Kurt’s Blog

June 1, 2009

Apples vs Oranges

Filed under: Software Development — Kurt Häusler @ 6:40 pm

A lot of the time when reading about software development, I used to end up pretty confused. It just seemed as if the world of software development that I was reading about was a totally different world to what I was experiencing day-to-day at work as a software developer, and when trying to use ideas that I read in my work, I was observing different results to what I should expect. Over time, I have come to understand why this is. It is because the jobs I end up in tend to differ in various ways to what gets typically written about.

Apples vs Oranges

Image courtesy of “e g g” on Flickr

In particular I have identified four “axes” along which my experience differs from the typical situation.

  • Projects vs Products
  • A lot of what I learned at uni, the books I read, people I talk to and websites etc, assume that software is developed mostly as projects. That is, they have their own organisational structure (project teams existing alongside functional departments), their own managers and budgets, clear notions of what counts as success and failure, and most importantly a semi-fixed timespan or some date in the future at which the project finishes, or at least enters some phase (often the expensive maintenance phase) at which software development stops.

    Apart from a couple of exceptions, almost all of my software development jobs have involved ongoing products rather than projects, no separate teams apart from the software development department, no separate budget, no clear notions of success or failure and no end date. The software will usually be continually updated, and expected to be so permanently. In project terms, such work resembles a permanent maintenance phase.

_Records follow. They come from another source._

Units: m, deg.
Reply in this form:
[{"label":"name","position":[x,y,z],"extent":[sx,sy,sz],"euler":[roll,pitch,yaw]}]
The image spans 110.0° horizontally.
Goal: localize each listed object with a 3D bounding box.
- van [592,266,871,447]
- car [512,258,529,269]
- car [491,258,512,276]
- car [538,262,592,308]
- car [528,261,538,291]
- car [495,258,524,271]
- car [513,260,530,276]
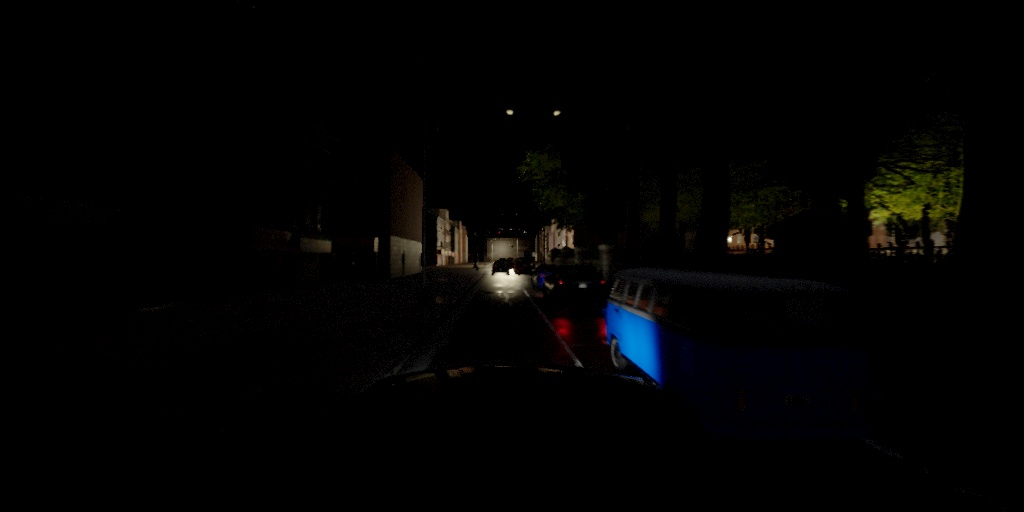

  • In House or Outsourced vs Mass Market
  • In my course of study, we often compare two types of software development depending on customer involvement. The first is the classic in-house IT development, where the customer is someone, usually another department, within the same organisation, and the second is where a specialist software development or consultancy firm develops software for an external customer. I was never able to make much sense of this, until I realised that except for a couple of exceptions, the software I am typically involved in represents a third main type. Software that is sold on the open market, to potentially many customers rather than a single customer.

    When discussing issues involving customer involvement like business and requirements analysis, market oriented software is typically very different to what gets discussed in most books on software development. One major difference is that instead of the customers telling the developers what they want, marketing attempts to convince customers what they need. Often rather than developing software to improve an existing business process, market oriented software attempts to provide whole new processes that often need to be sold as part of the package alongside the software itself.

  • Domain Complexity vs Technical Complexity
  • For a long time I was annoyed at myself for not “getting” domain driven design, or at least not appreciating the power of the ubiquitous language. Until I realised that the DDD books are coming from the classical enterprise IT angle. In such environments it really is possible to talk to the customer in their own language about all levels of the software, not just the problem but the solution as well, from the database to the gui, and to a high level of detail within the business logic itself. This has however not been possible with the types of software I have worked on, where the most we can do with the customer language, or even the customer knowledge, is form a thin wrapper over the true technical complexity.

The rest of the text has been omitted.